Objection: This is what I would sometimes do. The problem here is that even if you are made of steel, at some point in time someone will say something that draws you into a conversation for some reason or another. Specifically to me, I get a lot of shit for short-stacking. I go busto many times over the course of the day but my detractors don't really understand that this is normal and doesn't particularly bother me. Naturally, the dumber the comment, the more likely I am to say something, if nothing more than to make them feel stupid. That might be okay if it just ended there but I have this personality defect that compels me to always seek the last word. I suspect than many of you have this same defect. If the conversation goes on long enough, pretty soon the cards will speak and one of you will do something to look stupid and will now feel the need to justify the play or call, furthering you down the spiral of tilt.

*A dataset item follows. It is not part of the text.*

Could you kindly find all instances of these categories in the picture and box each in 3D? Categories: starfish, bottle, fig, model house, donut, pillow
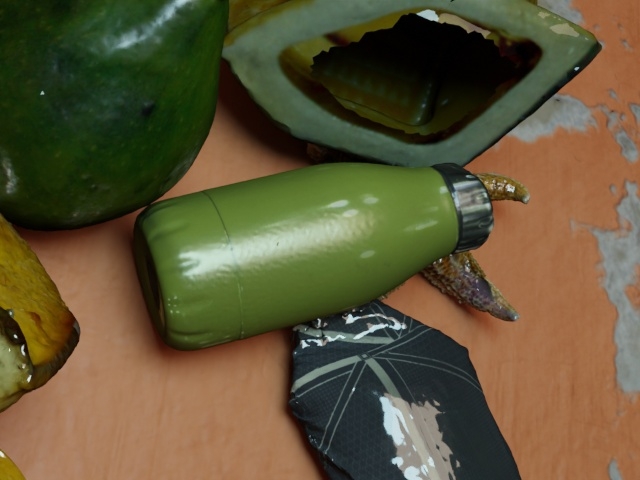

Reason: I find it entertaining.

Objection: This goes straight back to the last point. Eventually it will bring out the brat in all of us and we will feel compelled to needle someone. Often times, someone else will jump to the defense of the needled one and now you are battling your ego against two or more foes, which further distracts you from what you are here to do: make money.

My friend Travis leaves it on for this very reason and I am urging him to turn it off because nothing good ever comes from it and just the fact that he won't do it, tilts me! Even though in the outside world, he is far more level-headed than myself, there comes a time every so often where he tells me what some idiot said to needle him and how it managed to bother him for ahwile, sometimes well into the next day. If this ever happens to you, you have been manipulated!!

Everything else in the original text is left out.